What you have to do:
Each line of the listing that contains the word "whole" is to be copied.

Records shown:
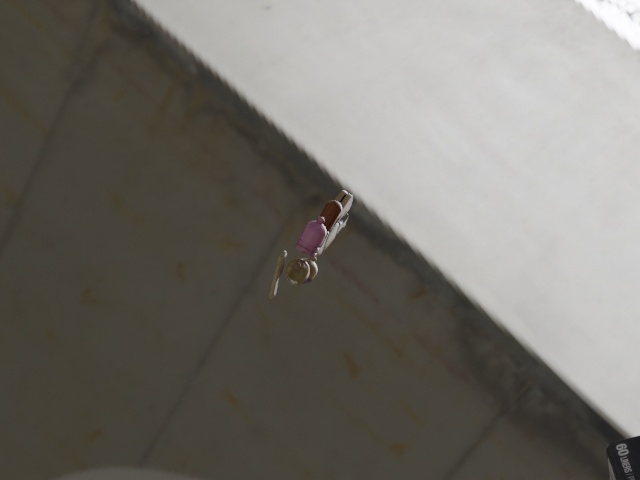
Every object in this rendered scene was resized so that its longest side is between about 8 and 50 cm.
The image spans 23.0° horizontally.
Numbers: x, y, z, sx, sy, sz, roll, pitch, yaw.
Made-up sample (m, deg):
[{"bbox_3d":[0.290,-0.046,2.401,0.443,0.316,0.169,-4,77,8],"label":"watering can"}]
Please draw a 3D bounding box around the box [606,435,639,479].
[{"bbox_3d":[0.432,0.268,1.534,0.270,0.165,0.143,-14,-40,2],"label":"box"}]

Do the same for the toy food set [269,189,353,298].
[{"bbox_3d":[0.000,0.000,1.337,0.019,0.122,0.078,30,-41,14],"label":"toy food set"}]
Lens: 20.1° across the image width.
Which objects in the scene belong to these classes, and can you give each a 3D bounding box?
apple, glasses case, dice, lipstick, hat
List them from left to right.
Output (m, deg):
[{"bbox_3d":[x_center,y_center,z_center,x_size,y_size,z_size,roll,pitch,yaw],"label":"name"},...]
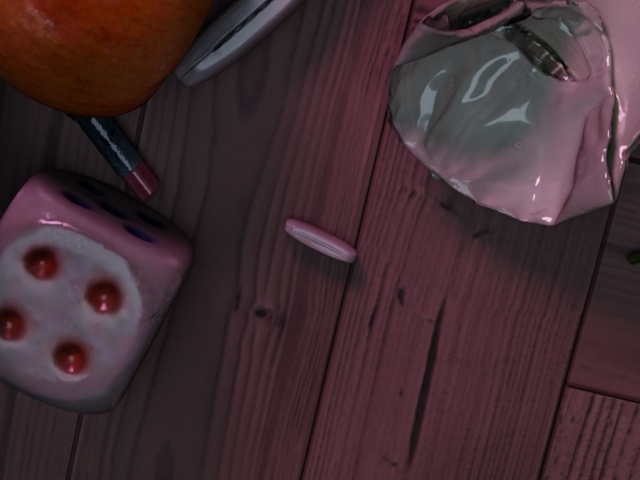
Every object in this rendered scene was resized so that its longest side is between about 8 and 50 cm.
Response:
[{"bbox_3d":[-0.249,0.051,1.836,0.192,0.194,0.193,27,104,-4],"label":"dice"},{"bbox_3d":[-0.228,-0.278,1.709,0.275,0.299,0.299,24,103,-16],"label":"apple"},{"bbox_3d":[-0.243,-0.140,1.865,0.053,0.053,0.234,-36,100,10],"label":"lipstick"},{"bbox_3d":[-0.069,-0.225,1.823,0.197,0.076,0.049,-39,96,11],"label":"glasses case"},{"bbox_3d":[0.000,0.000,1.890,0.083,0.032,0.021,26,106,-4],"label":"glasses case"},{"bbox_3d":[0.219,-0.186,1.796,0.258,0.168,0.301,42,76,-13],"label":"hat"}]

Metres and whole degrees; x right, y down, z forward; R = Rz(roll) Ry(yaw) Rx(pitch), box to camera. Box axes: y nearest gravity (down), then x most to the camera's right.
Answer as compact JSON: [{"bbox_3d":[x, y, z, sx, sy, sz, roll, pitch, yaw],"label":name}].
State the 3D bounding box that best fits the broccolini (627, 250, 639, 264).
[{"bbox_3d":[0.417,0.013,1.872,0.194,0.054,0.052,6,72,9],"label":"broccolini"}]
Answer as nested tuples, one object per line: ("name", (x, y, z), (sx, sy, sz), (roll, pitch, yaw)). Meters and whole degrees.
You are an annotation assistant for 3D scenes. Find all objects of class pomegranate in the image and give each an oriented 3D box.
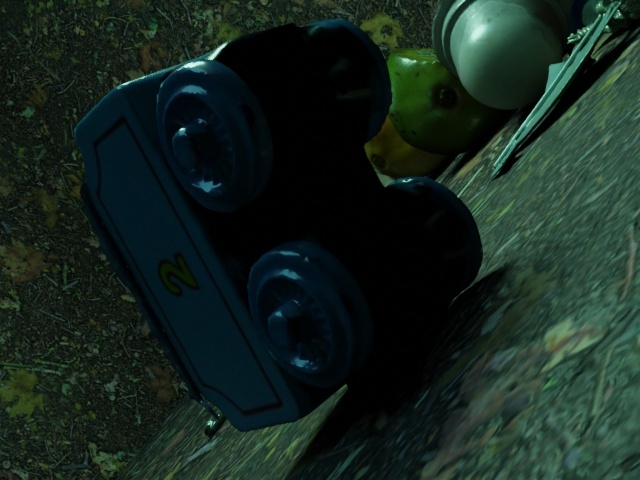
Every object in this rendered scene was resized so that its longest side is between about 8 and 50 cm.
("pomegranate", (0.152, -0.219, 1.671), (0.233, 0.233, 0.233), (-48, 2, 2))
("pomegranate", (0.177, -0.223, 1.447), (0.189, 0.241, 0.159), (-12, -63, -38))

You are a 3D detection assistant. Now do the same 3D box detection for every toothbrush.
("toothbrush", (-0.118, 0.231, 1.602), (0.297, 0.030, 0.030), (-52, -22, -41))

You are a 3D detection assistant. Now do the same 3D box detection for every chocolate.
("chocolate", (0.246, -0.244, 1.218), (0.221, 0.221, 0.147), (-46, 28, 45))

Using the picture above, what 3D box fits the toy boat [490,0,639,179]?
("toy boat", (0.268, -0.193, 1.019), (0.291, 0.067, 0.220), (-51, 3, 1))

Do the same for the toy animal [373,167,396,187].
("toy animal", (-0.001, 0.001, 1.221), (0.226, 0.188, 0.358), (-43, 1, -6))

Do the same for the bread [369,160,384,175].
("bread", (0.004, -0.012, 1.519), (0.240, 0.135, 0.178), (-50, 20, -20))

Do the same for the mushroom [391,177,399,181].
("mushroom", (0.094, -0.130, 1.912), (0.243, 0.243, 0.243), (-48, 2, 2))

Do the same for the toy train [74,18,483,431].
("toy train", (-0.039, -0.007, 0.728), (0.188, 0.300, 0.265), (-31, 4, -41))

...

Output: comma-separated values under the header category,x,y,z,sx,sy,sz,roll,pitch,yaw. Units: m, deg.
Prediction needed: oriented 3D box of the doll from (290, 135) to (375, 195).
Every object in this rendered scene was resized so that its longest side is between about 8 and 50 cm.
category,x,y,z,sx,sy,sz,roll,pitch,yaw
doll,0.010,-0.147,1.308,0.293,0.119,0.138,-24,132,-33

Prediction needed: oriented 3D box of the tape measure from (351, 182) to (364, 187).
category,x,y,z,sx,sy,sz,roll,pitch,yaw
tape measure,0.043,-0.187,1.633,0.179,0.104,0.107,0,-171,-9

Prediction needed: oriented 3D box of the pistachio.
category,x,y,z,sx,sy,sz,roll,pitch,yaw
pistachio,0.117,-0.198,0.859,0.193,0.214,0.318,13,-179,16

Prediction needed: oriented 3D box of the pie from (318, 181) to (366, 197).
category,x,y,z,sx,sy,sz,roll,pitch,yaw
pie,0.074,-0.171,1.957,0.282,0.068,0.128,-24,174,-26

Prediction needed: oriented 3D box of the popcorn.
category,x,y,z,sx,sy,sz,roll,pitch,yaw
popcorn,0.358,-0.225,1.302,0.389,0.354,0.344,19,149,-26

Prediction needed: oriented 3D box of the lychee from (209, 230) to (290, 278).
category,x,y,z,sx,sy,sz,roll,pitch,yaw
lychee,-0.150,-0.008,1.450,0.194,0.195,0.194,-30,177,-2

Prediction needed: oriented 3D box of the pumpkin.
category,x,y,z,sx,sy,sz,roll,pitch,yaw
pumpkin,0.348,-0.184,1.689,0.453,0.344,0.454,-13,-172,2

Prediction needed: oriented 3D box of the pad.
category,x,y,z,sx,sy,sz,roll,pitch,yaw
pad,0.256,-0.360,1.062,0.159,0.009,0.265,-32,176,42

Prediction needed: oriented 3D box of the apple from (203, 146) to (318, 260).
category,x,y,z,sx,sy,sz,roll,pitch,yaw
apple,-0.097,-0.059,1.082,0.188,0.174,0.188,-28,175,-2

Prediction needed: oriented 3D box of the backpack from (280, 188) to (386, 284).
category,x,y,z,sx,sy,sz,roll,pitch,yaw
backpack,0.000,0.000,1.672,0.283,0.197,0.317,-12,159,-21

Finished exercise:
Metres and whole degrees; x right, y down, z forward; R = Rz(roll) Ry(yaw) Rx(pitch), box to camera. Box axes: y nearest gravity (down), then x most to the camera's right.
Answer as nested tuples, one object per line: ("name", (x, y, z), (sx, sy, sz), (roll, pitch, yaw)). Meters and whole degrees.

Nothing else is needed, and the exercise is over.